Nuts and Bolts of Optimization

Nuts and Bolts of Optimization

Introduction

This article is a summary of an excellent presentation by Dr. Andrew Ng on Nuts and Bolts of Applied Deep Learning https://www.youtube.com/watch?v=F1ka6a13S9I

From the above lecture, I have summarized the key points for the AWS ML Specialty certification exam.

You will learn about common patterns and solutions to make progress when your model is not working as well as you expected

When the performance of a model is not good, you have all kinds of options in front of you

  • Collect more data
  • Train longer
  • Hyperparamter optimization
  • Use a different algorithm or architecture
  • Regularization
  • Bigger model

Selecting the right option(s) has a huge impact on how rapidly you make progress

Example

As an example, we will use a human-level speech recognition system

Our goal is to build a system that matches the human-level performance

So, get a dataset with a lot of samples

Split it into 70% for training, 15% for validation, and 15% for testing

As you build models, measure the following metrics:

  • Human-level error on the validation set (optimal error rate)
  • Training error
  • Validation error

These three numbers will tell you what to do next

Scenario 1

  • Human-level error = 1%
  • Training error = 5%
  • Validation error = 6%

In this scenario, the training and validation error is close. However, there is a big gap between human-level error and training error

Model is doing much worse than human-level performance

This gap in performance is called high-bias

Think of it this way: a biased person is disconnected from reality. 
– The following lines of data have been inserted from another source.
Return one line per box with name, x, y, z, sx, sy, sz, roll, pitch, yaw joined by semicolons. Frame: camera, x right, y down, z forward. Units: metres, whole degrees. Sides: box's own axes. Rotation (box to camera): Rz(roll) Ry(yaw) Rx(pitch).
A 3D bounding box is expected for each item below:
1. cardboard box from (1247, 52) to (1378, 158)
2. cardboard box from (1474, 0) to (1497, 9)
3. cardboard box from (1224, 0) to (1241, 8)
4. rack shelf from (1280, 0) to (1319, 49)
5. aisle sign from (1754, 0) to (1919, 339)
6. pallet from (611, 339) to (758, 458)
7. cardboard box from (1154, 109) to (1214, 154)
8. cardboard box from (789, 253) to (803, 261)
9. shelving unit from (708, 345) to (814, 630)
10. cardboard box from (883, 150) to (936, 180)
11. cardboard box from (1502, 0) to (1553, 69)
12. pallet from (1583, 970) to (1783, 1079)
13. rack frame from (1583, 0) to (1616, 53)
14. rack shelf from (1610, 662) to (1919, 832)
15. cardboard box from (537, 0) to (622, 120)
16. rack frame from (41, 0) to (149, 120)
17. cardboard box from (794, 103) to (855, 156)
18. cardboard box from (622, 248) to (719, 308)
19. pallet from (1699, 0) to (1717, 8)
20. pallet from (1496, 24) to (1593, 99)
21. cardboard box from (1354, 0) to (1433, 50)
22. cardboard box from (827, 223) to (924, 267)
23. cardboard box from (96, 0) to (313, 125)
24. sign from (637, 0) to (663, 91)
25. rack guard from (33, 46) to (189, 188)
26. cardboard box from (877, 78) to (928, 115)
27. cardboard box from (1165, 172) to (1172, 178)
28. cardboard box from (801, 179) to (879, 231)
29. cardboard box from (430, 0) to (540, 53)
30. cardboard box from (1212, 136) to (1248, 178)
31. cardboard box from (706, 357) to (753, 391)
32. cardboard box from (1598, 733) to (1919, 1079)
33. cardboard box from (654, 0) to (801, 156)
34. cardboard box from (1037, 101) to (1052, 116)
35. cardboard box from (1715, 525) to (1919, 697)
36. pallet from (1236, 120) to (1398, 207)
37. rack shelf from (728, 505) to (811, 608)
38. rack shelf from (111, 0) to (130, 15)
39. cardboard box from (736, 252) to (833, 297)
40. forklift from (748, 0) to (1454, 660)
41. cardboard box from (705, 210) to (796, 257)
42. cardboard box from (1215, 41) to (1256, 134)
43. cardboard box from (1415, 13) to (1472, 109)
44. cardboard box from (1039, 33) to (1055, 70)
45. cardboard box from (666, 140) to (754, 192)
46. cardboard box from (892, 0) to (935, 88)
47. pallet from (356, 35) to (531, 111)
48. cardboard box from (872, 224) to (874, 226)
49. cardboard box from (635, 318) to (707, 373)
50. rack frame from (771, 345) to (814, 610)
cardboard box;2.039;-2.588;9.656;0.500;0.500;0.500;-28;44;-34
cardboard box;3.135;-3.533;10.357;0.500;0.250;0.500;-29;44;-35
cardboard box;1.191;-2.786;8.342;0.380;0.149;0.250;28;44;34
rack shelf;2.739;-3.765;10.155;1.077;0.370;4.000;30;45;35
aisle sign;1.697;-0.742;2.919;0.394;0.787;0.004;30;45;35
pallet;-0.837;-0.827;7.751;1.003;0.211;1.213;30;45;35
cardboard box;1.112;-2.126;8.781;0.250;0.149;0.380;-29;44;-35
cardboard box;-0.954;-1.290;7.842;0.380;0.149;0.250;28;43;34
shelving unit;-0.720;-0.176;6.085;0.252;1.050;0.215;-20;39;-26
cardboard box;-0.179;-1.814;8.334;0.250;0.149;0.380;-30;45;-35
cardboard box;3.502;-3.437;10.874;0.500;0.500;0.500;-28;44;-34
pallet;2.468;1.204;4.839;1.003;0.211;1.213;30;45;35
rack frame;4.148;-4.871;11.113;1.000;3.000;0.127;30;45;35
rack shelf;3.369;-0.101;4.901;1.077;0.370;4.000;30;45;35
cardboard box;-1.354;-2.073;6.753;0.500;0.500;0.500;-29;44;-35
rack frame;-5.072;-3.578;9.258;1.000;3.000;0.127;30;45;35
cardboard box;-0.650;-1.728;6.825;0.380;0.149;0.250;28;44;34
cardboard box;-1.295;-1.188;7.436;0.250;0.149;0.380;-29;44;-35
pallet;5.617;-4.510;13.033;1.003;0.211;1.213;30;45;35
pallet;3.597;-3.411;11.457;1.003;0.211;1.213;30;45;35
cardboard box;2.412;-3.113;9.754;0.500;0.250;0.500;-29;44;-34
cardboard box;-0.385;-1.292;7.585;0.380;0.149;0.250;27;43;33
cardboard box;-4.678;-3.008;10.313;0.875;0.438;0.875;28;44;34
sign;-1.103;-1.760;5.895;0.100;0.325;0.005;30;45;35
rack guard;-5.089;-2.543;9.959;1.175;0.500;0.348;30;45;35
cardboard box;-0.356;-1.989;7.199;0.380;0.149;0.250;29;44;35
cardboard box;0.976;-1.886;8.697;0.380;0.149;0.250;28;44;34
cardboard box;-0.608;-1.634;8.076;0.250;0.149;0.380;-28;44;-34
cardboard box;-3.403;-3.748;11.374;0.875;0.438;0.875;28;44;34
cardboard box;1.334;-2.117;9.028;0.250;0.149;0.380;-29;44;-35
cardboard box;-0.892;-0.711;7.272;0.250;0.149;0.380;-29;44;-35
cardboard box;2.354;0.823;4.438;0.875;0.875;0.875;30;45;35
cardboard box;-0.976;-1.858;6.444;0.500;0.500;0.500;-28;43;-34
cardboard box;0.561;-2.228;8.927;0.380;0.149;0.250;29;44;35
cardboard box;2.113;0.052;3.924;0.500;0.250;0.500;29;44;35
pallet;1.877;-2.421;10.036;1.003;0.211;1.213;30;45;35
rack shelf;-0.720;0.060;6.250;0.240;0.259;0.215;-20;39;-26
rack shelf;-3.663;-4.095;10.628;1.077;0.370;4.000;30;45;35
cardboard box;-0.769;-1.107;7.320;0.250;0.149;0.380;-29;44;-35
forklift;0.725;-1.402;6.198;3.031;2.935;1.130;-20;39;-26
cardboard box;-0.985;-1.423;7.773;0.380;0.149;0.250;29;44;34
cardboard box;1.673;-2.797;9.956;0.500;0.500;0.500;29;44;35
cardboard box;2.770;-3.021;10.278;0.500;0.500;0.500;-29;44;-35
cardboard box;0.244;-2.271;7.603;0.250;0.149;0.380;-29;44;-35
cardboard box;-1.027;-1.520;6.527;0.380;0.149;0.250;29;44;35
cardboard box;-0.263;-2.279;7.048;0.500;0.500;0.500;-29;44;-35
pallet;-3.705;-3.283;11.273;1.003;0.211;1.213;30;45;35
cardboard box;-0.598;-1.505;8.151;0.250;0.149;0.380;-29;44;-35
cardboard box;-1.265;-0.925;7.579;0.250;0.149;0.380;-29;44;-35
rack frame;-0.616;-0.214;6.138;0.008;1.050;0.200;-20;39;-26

A biased model does not meet real-world needs 

A common cause of this problem is under-fitting. The model is too simple to understand the complexity of data

Solution options for under-fitting:

  • Train a bigger model
  • Train longer
  • Try a new model architecture

No alt text provided for this image
No alt text provided for this image

Scenario 2

  • Human-level error = 1%
  • Training error = 2%
  • Validation error = 6%

In this scenario, human-level and training error are close. However, the model is doing much worse with the validation set

This gap in validation performance is called high-variance.

A common cause of this problem is over-fitting. The model memorized too-much about the training data and not generalizing well. So, we need to simplify the model.
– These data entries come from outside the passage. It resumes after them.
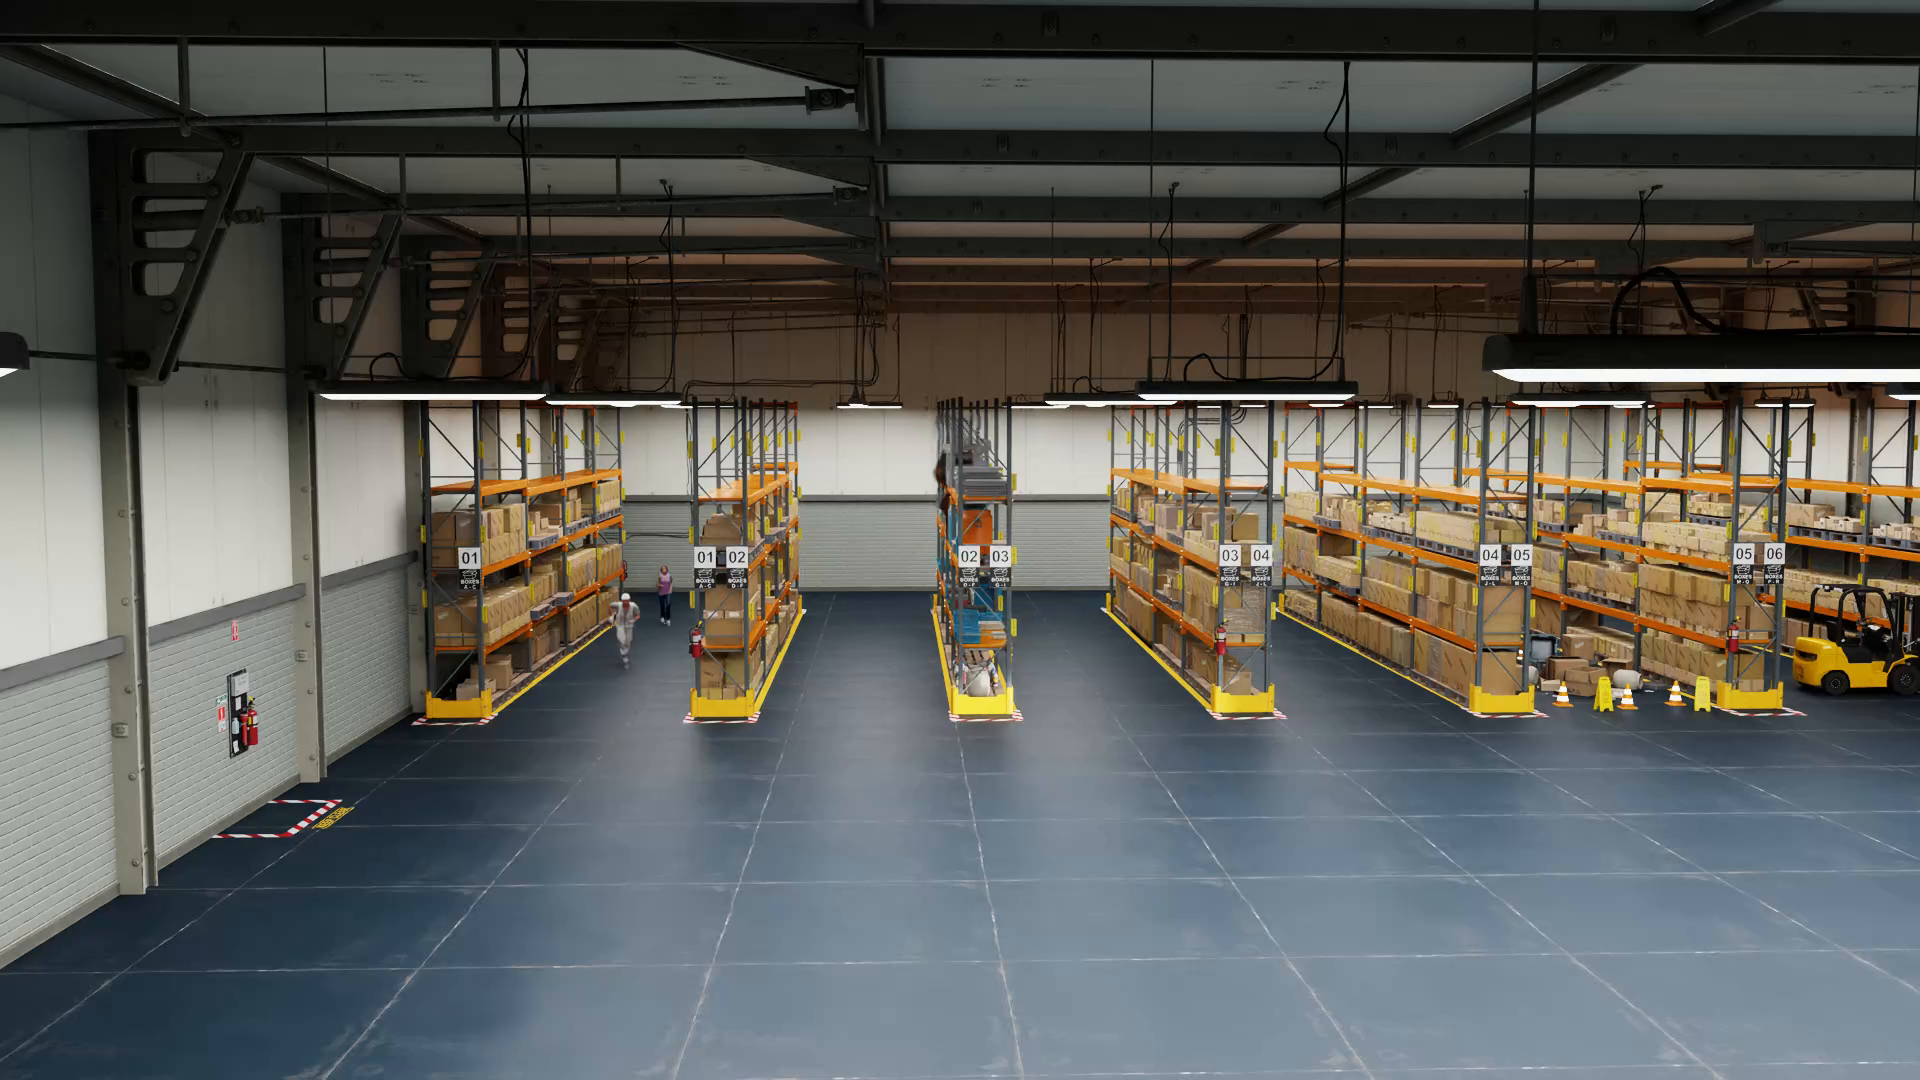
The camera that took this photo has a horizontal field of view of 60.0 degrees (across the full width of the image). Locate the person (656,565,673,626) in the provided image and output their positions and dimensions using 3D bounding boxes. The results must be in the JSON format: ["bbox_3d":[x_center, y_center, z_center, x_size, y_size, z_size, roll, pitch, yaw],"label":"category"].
[{"bbox_3d":[-7.919,1.483,44.596,0.481,1.635,0.761,-1,5,-11],"label":"person"}]

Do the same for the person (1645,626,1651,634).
[{"bbox_3d":[16.522,1.871,39.466,0.587,1.686,0.755,-1,4,-10],"label":"person"}]

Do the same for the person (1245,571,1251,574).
[{"bbox_3d":[7.981,1.223,47.346,0.739,1.696,0.568,2,5,28],"label":"person"}]

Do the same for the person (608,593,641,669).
[{"bbox_3d":[-7.533,2.019,37.367,0.706,1.732,1.054,-1,5,-13],"label":"person"}]

Solution options for over-fitting:

  • Add regularization
  • Try early stopping
  • Get more data (when training and validation data are not from the same distribution, the validation error will be more) 
  • Try a new model architecture

No alt text provided for this image
No alt text provided for this image

Scenario 3

  • Human-level error = 1%
  • Training error = 5%
  • Validation error = 10%

In this scenario, the model is performing much worse than human-level performance. 

So, it has high-bias. Besides, validation performance is much worse than the training error.

This model has high-bias and high-variance

Scenario 4

  • Human-level error = 1%
  • Training error = 5%
  • Validation error = 6%
  • Test error = 10%

In production machine learning today, it is much more common for your training and test data to come from different data distributions

Your development team will fine-tune the model to improve validation performance. And when you try with the test set, you will see a much worse performance due to the distribution difference. A lot of tuning work is wasted.

To prevent this, make sure validation and test set come from the same distribution

Human-Level Performance

How do you define human-level performance?

Let’s look a medical example error

  • Typical human error = 3%
  • Typical doctor = 1%
  • Expert doctor = 0.7%
  • Team of expert doctors = 0.5%

Which of these is the most useful definition of human-level error?

A team of expert doctors is a good definition of human-level performance, and it is the optimal error rate that we should strive for

Workflow

Here is a workflow to handle these conditions and make progress

No alt text provided for this image

Data Synthesis

You can generate synthetic data, and for some problems, data synthesis can significantly improve the performance of the model

Here are some examples of data synthesis

Optical Character Recognition System

For OCR, how do you generate synthetic data? Here is one option

Download random picture from the internet

Use software like MS Word, use a random font, and a random word from the English dictionary

Paste the word in the random picture – you have just synthesized new data

However, in reality, you need to blend the word with image - blur, adjust color contrast, and so forth

So, it can be a lot of work to fine-tune. Once you fine-tune, you have an unlimited source of data

Speech recognition

For a speech recognition system, how do you synthesize new data?

Take clean audio of a person - relatively noiseless audio

Take random background sounds and mix with clean audio

You now have an audio sample of how a person's voice would sound in the presence of a background noise

This provides you with an unlimited source of new data

For example, mix clean audio and car noise. The audio clip sounds like a person talking in the car

Use this data for training

Unified Data Warehouse

With a consolidated data warehouse (or a Data Lake), the access to the data is much smoother and allows the team to make progress

Discuss user access rights, privacy

To Enroll

AWS SageMaker - Certified Machine Learning Specialty Exam

https://www.udemy.com/course/aws-machine-learning-a-complete-guide-with-python/?referralCode=9ADB4395937F7D656EB9

Related Videos

For a videos related to this topic, please watch HyperParameter Tuning, Bias-Variance, Regularization (L1, L2) lecture in the XGBoost Section of this course

For Hyperparameter and Tuning, view lectures in the Model Optimization and HyperParameter Tuning section

For data warehouse and consolidation, please see the Data Lake section of this course

References

NIPS 2016 tutorial: "Nuts and bolts of building AI applications using Deep Learning" by Andrew Ng

https://www.youtube.com/watch?v=wjqaz6m42wU (long video-better audio quality)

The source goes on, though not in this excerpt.